Ces deux personnes avaient le respect de l'intégralité de la classe par leur connaissance quasi infinie. Et c'est ça qu'on oublie souvent quand on dit "ouaih, y'avait untel, c'était un prof cool, ahah on lui mettait la misère". On se dit juste "il était cool". Mais j'en ai eu un prof cool moi, en terminale en histoire / géographie. Ah c'est sûr pour être cool c'était cool, tellement cool qu'on a fait deux impasses (deux pays entiers) en géographie, et qu'on n'en foutait pas une en cours. Mais ce n'est pas parce qu'elle était "cool" que je jouais au morpion et au
jeu du carré avec mon voisin (le seul autre cours de ma vie où je dessinais au lieu d'écouter, c'était un cours où le prof arrivait avec le bouquin d'un collègue qui avait édité le cours en question, et où on avait toujours l'impression que le cours était lu, parfois ânonné). Non, c'était parce que, avec le recul j'en suis quasiment certain, le prof en question manquait de connaissances.

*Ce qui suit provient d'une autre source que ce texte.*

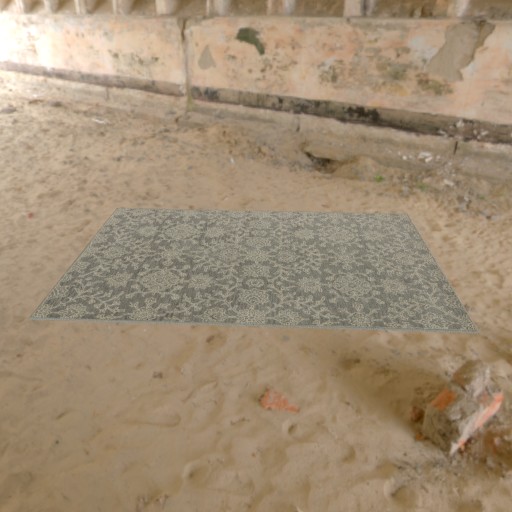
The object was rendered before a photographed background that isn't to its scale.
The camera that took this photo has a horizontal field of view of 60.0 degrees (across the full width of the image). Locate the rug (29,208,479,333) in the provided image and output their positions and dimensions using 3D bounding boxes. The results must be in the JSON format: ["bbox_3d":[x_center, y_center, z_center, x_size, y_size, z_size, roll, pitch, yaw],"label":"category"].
[{"bbox_3d":[0.000,0.000,3.042,2.430,0.010,1.515,1,30,2],"label":"rug"}]
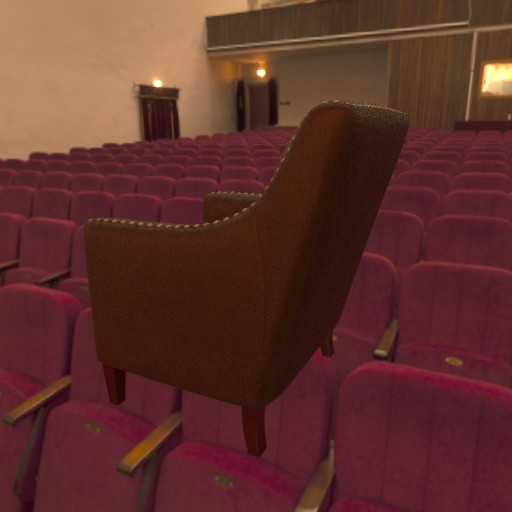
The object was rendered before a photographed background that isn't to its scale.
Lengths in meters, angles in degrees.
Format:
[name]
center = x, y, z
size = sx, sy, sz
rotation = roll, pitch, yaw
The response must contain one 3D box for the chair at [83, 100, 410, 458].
[chair]
center = 0.000, 0.000, 1.267
size = 0.704, 0.813, 0.639
rotation = 8, 18, 26
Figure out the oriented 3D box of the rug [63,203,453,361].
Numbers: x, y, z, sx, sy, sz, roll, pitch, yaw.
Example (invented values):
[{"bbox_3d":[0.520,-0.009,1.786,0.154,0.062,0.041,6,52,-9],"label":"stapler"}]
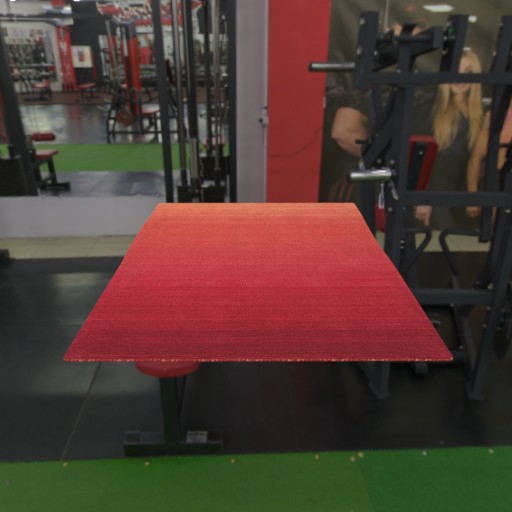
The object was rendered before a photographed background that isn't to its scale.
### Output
[{"bbox_3d":[0.000,0.000,3.932,2.340,0.028,2.905,0,25,0],"label":"rug"}]
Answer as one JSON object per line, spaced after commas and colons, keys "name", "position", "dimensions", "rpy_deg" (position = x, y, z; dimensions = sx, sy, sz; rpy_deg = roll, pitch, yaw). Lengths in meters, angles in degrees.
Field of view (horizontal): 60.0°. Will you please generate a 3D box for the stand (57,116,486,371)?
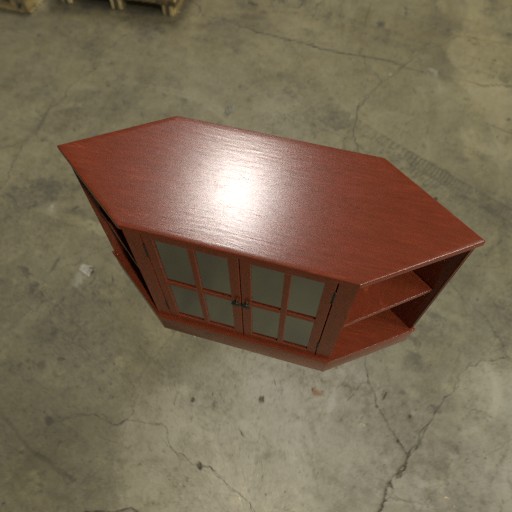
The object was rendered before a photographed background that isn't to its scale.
{"name": "stand", "position": [0.000, 0.000, 1.330], "dimensions": [1.072, 0.614, 0.381], "rpy_deg": [14, 59, 8]}
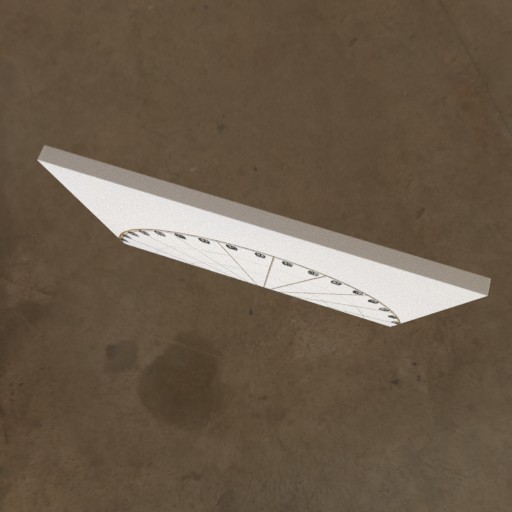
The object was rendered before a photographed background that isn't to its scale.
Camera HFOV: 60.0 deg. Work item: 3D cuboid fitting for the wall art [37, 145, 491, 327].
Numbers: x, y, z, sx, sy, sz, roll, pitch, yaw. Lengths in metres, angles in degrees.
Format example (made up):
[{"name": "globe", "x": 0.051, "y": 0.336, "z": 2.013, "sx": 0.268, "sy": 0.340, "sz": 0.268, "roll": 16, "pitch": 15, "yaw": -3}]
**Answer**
[{"name": "wall art", "x": 0.000, "y": 0.000, "z": 1.137, "sx": 0.898, "sy": 0.601, "sz": 0.038, "roll": 17, "pitch": 76, "yaw": 4}]
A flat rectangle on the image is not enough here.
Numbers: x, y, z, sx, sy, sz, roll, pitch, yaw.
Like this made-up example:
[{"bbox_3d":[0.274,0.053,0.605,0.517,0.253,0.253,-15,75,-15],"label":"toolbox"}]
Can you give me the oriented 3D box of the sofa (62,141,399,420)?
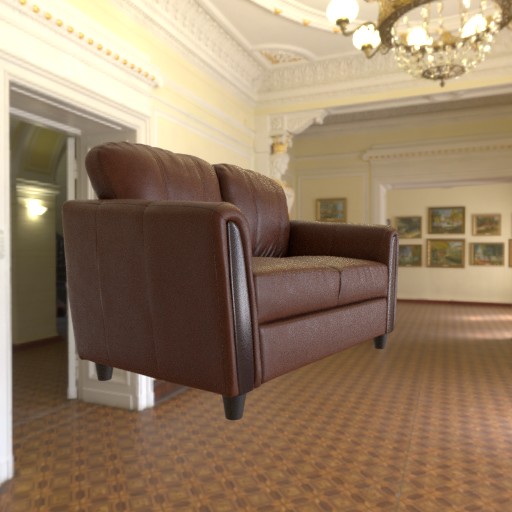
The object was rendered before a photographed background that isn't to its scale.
[{"bbox_3d":[0.000,0.000,1.914,0.805,0.906,1.406,0,0,36],"label":"sofa"}]
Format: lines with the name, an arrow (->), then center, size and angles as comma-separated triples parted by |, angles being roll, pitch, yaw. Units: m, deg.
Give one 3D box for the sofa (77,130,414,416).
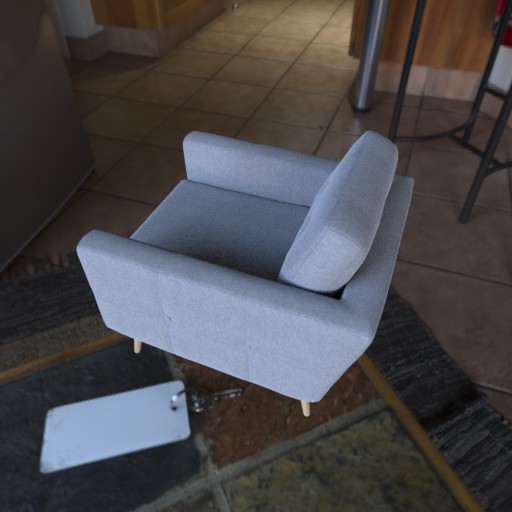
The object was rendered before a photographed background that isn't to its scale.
sofa -> 0.000, 0.000, 1.587 | 0.920, 0.860, 0.770 | 16, 46, 15
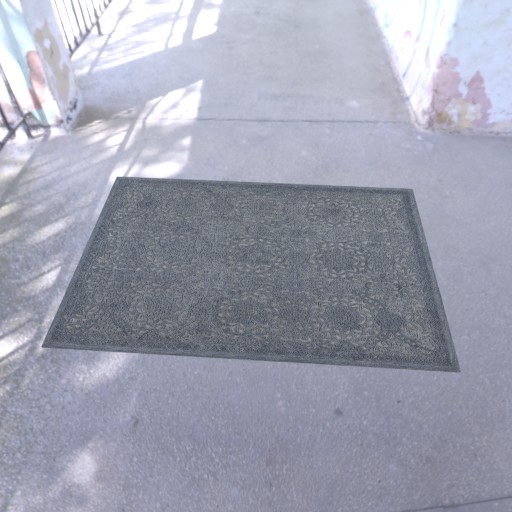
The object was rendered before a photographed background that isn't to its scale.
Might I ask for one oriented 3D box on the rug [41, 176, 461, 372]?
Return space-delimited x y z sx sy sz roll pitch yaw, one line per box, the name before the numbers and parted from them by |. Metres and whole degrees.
rug | 0.000 0.000 2.322 1.819 0.012 1.208 3 48 3
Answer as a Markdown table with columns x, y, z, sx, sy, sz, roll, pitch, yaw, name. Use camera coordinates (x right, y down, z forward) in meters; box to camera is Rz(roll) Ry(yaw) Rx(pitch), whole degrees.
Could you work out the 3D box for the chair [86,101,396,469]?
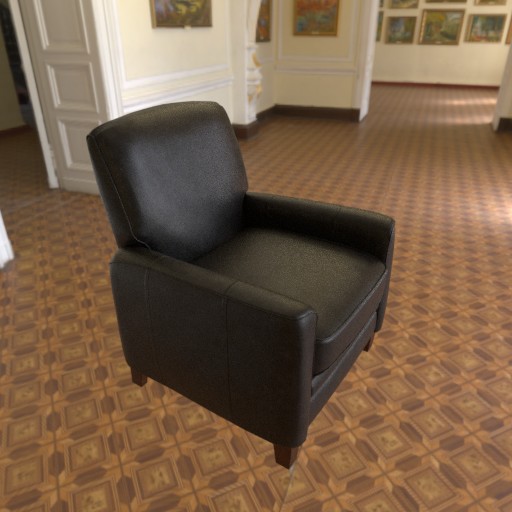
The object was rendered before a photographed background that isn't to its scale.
| x | y | z | sx | sy | sz | roll | pitch | yaw | name |
| --- | --- | --- | --- | --- | --- | --- | --- | --- | --- |
| 0.000 | 0.000 | 1.645 | 0.864 | 1.014 | 0.848 | 17 | 32 | 29 | chair |
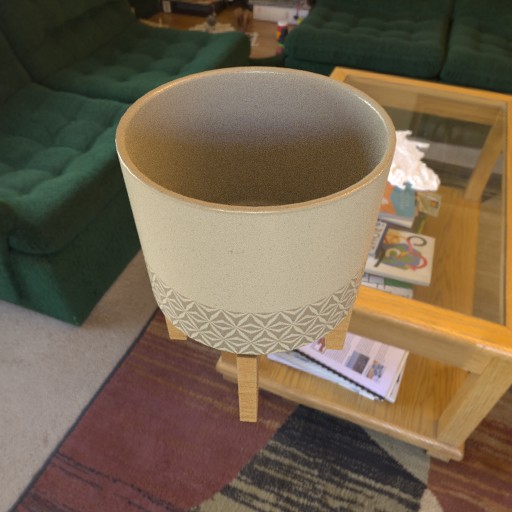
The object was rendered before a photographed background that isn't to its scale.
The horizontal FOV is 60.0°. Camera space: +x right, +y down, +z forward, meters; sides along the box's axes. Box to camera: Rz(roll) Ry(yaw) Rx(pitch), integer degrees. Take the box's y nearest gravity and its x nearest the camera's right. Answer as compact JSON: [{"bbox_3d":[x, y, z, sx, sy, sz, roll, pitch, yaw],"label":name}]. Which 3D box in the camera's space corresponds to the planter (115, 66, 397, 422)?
[{"bbox_3d":[0.000,0.000,0.522,0.249,0.343,0.249,0,45,0],"label":"planter"}]
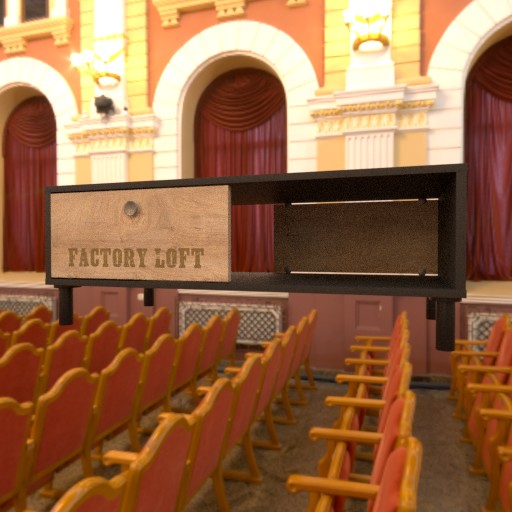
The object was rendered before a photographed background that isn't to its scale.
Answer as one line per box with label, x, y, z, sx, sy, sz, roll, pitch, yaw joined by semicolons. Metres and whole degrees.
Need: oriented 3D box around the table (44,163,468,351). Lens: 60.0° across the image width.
table;0.000;0.000;1.345;1.100;0.400;0.550;0;1;18
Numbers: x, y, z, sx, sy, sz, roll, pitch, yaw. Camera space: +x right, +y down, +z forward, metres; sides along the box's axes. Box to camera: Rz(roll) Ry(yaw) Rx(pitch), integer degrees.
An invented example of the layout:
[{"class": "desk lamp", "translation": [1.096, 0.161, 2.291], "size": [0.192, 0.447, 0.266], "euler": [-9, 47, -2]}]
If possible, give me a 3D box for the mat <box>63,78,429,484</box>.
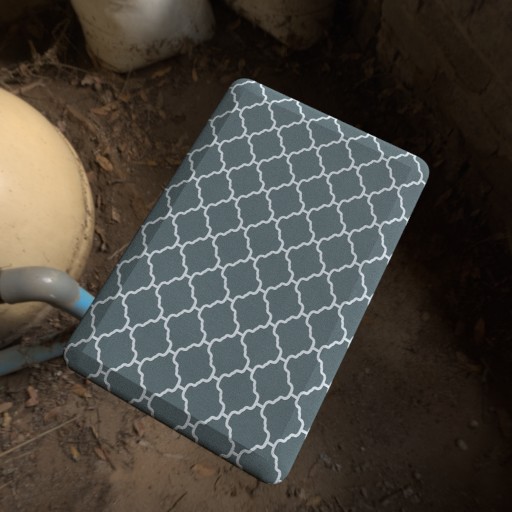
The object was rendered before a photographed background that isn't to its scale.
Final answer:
[{"class": "mat", "translation": [0.000, 0.000, 0.940], "size": [0.508, 0.021, 0.762], "euler": [27, 77, 7]}]
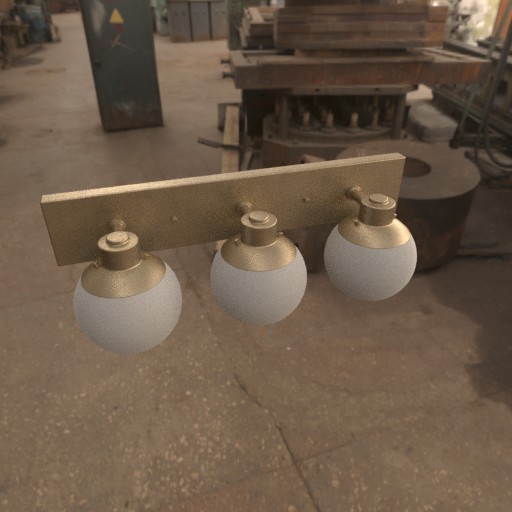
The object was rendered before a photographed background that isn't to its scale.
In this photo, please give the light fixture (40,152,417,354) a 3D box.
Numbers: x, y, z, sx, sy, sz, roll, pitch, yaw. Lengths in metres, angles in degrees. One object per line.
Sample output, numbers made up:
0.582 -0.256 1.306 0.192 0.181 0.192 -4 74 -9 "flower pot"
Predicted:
0.000 0.000 0.853 0.721 0.263 0.218 -10 34 -15 "light fixture"
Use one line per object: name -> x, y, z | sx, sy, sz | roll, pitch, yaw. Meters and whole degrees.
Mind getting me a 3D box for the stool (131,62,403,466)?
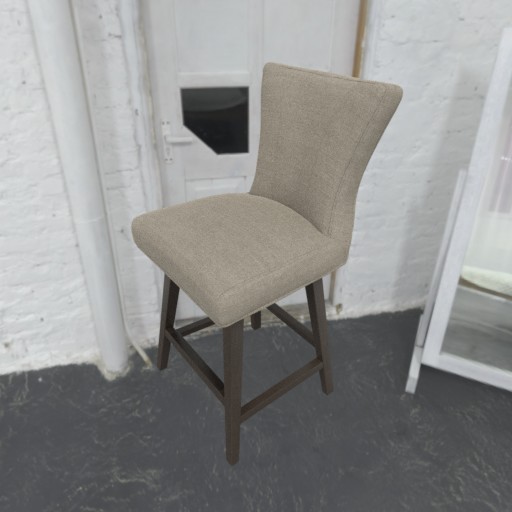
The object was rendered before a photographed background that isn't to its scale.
stool -> 0.000, 0.000, 1.337 | 0.574, 1.000, 0.514 | -21, 37, -31
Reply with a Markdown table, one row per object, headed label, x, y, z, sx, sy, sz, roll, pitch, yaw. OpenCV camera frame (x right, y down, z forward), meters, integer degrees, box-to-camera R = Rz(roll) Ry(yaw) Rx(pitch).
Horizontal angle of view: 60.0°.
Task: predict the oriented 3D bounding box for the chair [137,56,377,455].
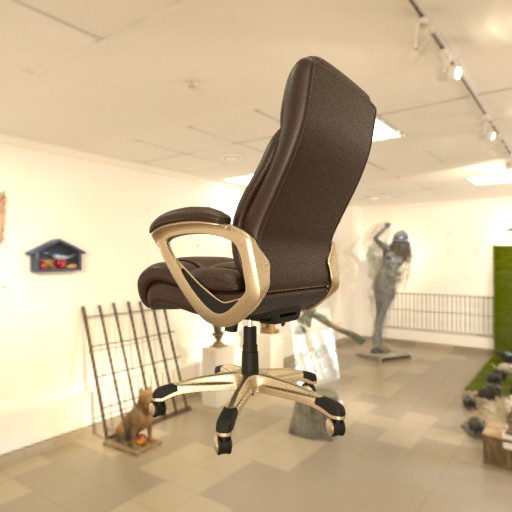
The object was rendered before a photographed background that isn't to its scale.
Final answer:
| label | x | y | z | sx | sy | sz | roll | pitch | yaw |
| --- | --- | --- | --- | --- | --- | --- | --- | --- | --- |
| chair | 0.000 | 0.000 | 1.636 | 0.749 | 1.194 | 0.692 | 0 | 0 | 36 |
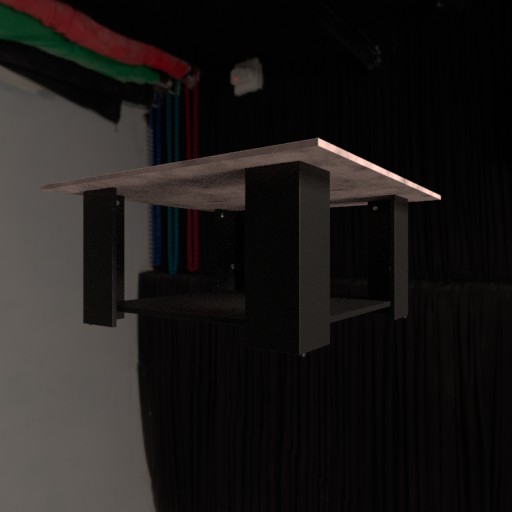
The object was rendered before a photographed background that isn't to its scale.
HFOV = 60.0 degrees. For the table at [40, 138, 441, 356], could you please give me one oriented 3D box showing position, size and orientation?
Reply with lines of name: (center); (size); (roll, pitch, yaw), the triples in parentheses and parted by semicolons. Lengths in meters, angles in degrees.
table: (0.000, 0.000, 1.039); (0.670, 0.305, 0.670); (0, 0, 35)
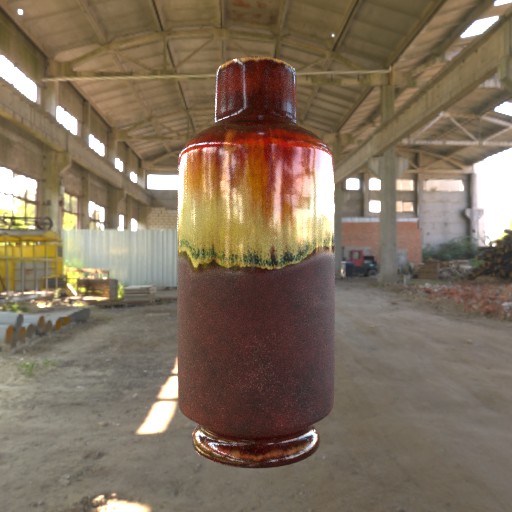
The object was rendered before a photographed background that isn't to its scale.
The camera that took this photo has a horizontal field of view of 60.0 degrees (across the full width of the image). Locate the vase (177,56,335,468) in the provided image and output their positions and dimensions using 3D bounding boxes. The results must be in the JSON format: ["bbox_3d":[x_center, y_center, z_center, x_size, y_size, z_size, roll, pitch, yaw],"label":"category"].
[{"bbox_3d":[0.000,0.000,0.317,0.111,0.261,0.111,0,-1,0],"label":"vase"}]
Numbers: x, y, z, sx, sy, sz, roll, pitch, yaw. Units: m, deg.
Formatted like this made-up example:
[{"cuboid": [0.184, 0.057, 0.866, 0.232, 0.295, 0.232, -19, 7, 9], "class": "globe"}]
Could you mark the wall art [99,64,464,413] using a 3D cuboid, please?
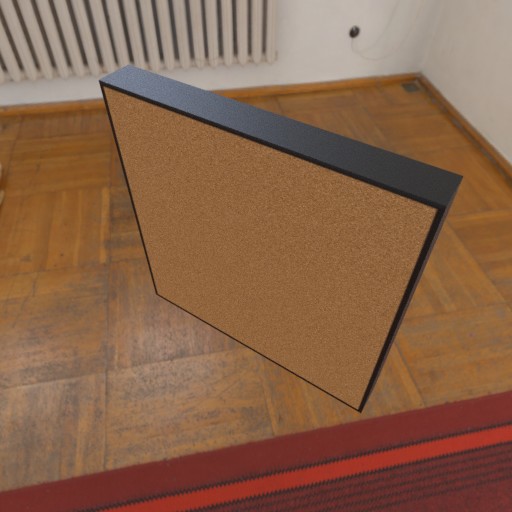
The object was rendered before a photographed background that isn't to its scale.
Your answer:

En résumé : je pense qu'il y a des pratiques pédagogiques qui s'apprennent. Évidemment c'est plus dur quand les élèves sont durs (merci capitaine évidence), mais c'est que le système dans son ensemble ne nous donne pas les billes. Vous feriez quoi, vous, au collège, si vous ne saviez pas lire correctement ni compter convenablement ? Moi je ne sais pas, mais je comprends ceux qui ont la haine de cette école qui ne remplit pas ses obligations élémentaires, et qui déversent leur haine sur le premier venu (a.k.a. le prof). Alors d'accord, il y a un problème de respect, très bien posé par marsupial
à cet endroit. Mais le respect, si c'est dans le sens élève => prof, c'est aussi dans le sens système => élève. Qu'on boute les parents hors de l'école, qu'on les envoie se faire enculer quand ils insistent pour faire passer en CE1 leur chérubin qui ânonne, et qu'on donne des moyens aux professeurs des écoles pour que tlm sache lire écrire compter. D'un coup si tu comprends ce que tu lis en classe, ça ne peut qu'aller dans la bonne direction.